> **EXERCISE INSTRUCTIONS**: Starting with the line that contains "Answer: 3.33 hours" and stopping after the line that contains "Answer: 10 hours", copy the entries below exactly. Include nothing else.
START RECORDS PROVIDED
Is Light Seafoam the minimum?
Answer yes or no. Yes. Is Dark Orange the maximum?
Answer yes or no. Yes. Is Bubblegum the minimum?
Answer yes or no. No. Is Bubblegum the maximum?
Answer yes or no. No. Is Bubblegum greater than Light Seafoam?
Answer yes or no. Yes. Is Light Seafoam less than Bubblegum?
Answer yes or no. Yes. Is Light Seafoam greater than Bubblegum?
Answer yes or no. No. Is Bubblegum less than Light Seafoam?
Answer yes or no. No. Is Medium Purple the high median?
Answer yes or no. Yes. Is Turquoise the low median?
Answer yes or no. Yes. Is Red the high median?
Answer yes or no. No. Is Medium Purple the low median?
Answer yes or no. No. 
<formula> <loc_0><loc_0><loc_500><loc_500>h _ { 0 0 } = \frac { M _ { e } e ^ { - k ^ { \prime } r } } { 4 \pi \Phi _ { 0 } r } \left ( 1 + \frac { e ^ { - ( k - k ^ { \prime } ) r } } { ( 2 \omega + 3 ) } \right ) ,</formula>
END RECORDS PROVIDED
START RECORDS PROVIDED
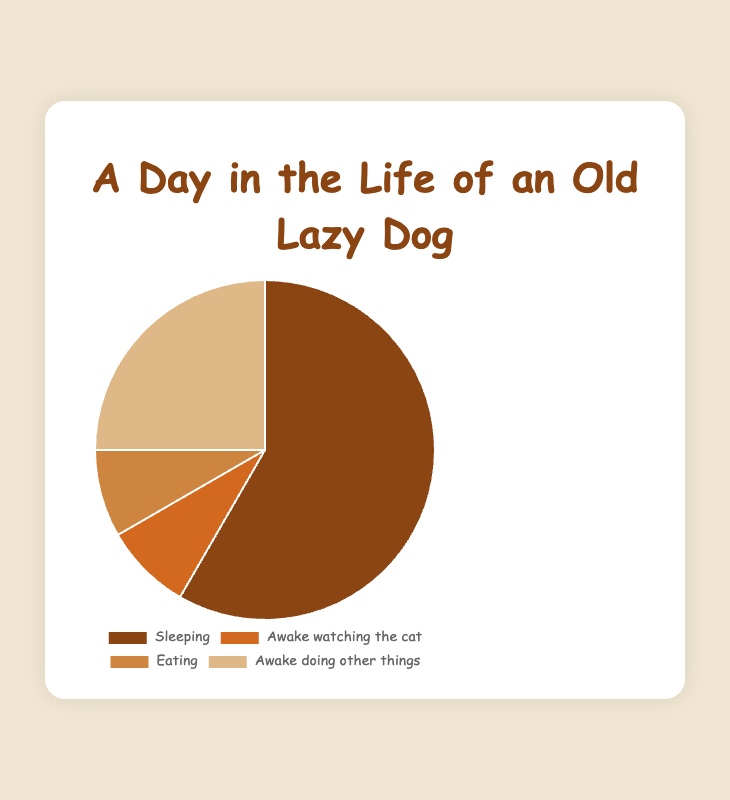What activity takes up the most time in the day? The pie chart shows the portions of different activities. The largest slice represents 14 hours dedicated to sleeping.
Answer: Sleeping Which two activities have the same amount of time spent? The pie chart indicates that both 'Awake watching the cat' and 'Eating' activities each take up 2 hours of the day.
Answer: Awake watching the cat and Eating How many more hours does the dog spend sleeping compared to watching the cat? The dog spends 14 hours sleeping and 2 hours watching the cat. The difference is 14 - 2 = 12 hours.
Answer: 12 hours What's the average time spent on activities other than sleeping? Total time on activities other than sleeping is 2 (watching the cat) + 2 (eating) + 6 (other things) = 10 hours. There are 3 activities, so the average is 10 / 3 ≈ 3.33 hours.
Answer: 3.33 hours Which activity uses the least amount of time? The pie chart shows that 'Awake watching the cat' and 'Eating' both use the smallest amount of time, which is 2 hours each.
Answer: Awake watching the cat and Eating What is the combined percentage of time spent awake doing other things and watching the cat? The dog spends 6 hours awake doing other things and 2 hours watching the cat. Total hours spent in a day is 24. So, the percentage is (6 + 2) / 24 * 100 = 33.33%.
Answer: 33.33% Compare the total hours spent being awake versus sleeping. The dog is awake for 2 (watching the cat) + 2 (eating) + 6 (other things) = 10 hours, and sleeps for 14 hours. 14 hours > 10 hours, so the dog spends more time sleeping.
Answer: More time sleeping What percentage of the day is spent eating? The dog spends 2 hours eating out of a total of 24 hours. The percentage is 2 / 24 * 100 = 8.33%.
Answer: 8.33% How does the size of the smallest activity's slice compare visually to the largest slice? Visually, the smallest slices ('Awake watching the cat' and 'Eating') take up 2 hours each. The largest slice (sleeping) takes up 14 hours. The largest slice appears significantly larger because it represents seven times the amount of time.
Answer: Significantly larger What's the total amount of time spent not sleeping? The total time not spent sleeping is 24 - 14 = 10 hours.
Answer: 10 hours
END RECORDS PROVIDED
> **ANSWER**:
Answer: 3.33 hours Which activity uses the least amount of time? The pie chart shows that 'Awake watching the cat' and 'Eating' both use the smallest amount of time, which is 2 hours each.
Answer: Awake watching the cat and Eating What is the combined percentage of time spent awake doing other things and watching the cat? The dog spends 6 hours awake doing other things and 2 hours watching the cat. Total hours spent in a day is 24. So, the percentage is (6 + 2) / 24 * 100 = 33.33%.
Answer: 33.33% Compare the total hours spent being awake versus sleeping. The dog is awake for 2 (watching the cat) + 2 (eating) + 6 (other things) = 10 hours, and sleeps for 14 hours. 14 hours > 10 hours, so the dog spends more time sleeping.
Answer: More time sleeping What percentage of the day is spent eating? The dog spends 2 hours eating out of a total of 24 hours. The percentage is 2 / 24 * 100 = 8.33%.
Answer: 8.33% How does the size of the smallest activity's slice compare visually to the largest slice? Visually, the smallest slices ('Awake watching the cat' and 'Eating') take up 2 hours each. The largest slice (sleeping) takes up 14 hours. The largest slice appears significantly larger because it represents seven times the amount of time.
Answer: Significantly larger What's the total amount of time spent not sleeping? The total time not spent sleeping is 24 - 14 = 10 hours.
Answer: 10 hours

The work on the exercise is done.